At the end of the last part, we noted there is no way to go back to the main menu from the hiscores screen. We will go over a solution to this before we start adding new features. If you already completed the homework, good job! Feel free to skip ahead to the next section, although you may want to skim through the solution to solidify your understanding of the concepts.

Firstly, we will need to make a new packet to signal to the server that the client wants to go back to the Connected state.

/shared/packets.proto

message FinishedBrowsingHiscoresMessage { }

message Packet {
    // ...
    oneof msg {
        FinishedBrowsingHiscoresMessage finished_browsing_hiscores = 17;
    }
}

Next, let’s get the server to listen for this packet in the BrowsingHiscores state, and transition back to the Connected state when it receives it.

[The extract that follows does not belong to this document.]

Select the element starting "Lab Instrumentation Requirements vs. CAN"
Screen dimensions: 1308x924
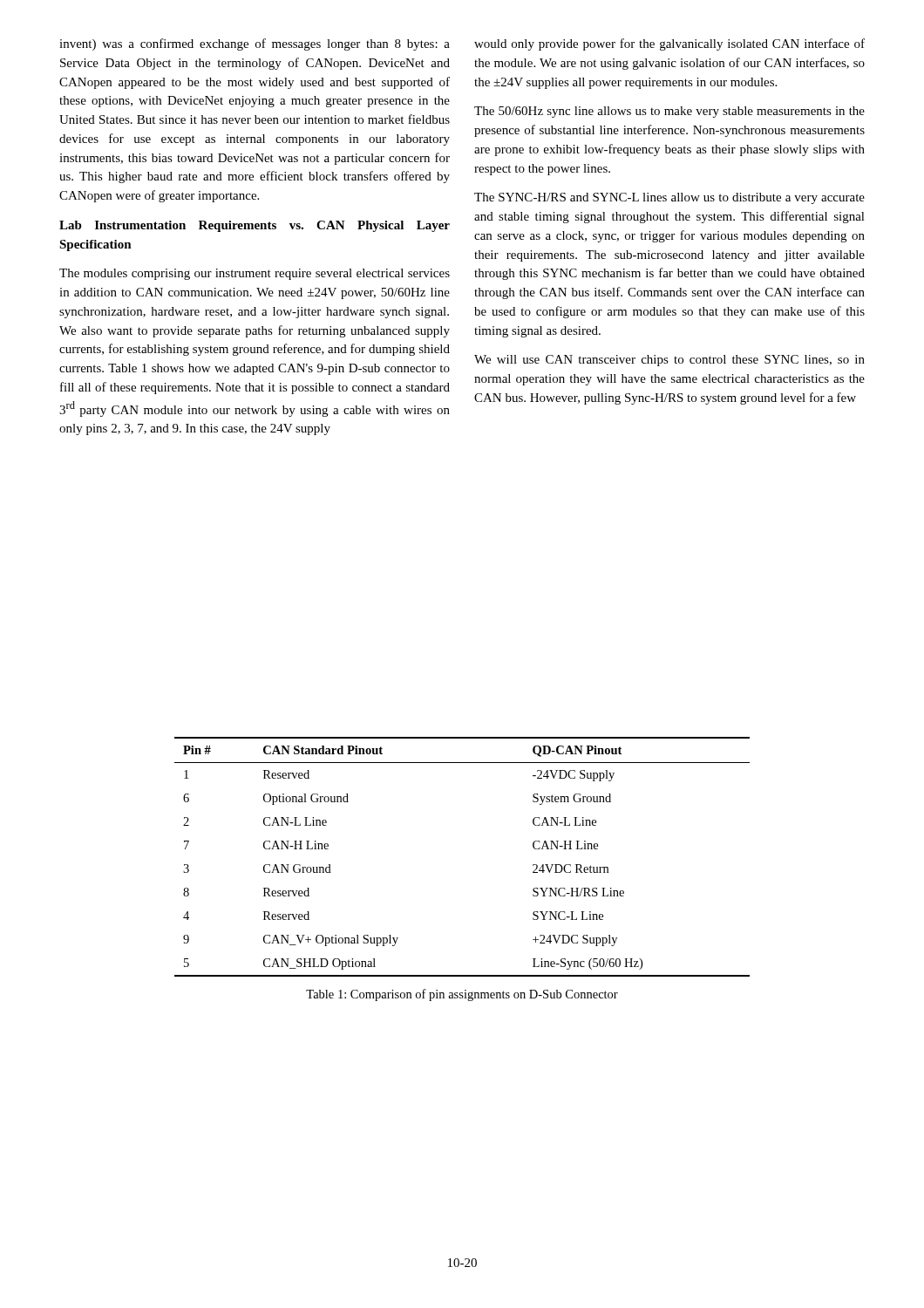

/server/internal/server/states/browsingHiscores.go

func (b *BrowsingHiscores) HandleMessage(senderId uint64, message packets.Msg) {
    switch message := message.(type) {
    case *packets.Packet_FinishedBrowsingHiscores:
        b.handleFinishedBrowsingHiscores(senderId, message)
    }
}

func (b *BrowsingHiscores) handleFinishedBrowsingHiscores(_ uint64, _ *packets.Packet_FinishedBrowsingHiscores) {
    b.client.SetState(&Connected{})
}

Finally, we’ll need a way to send this packet from the client. We will add a “Back” button that will send this packet when clicked. To do this, open up Godot, open the scene editor for res://states/browsing_hiscores/browsing_hiscores.tscn. Now, the way we left the scene in the last part, it will be difficult to position a button nicely, so let’s fix that quickly:

1. Add a VBoxContainer just under the UI node, and set its anchor preset to Full Rect
2. Reposition the existing Hiscores node to be a child of the VBoxContainer
3. Add a Button node to the VBoxContainer, just above the Hiscores node. Name the button BackButton, and set the Text property to “Back”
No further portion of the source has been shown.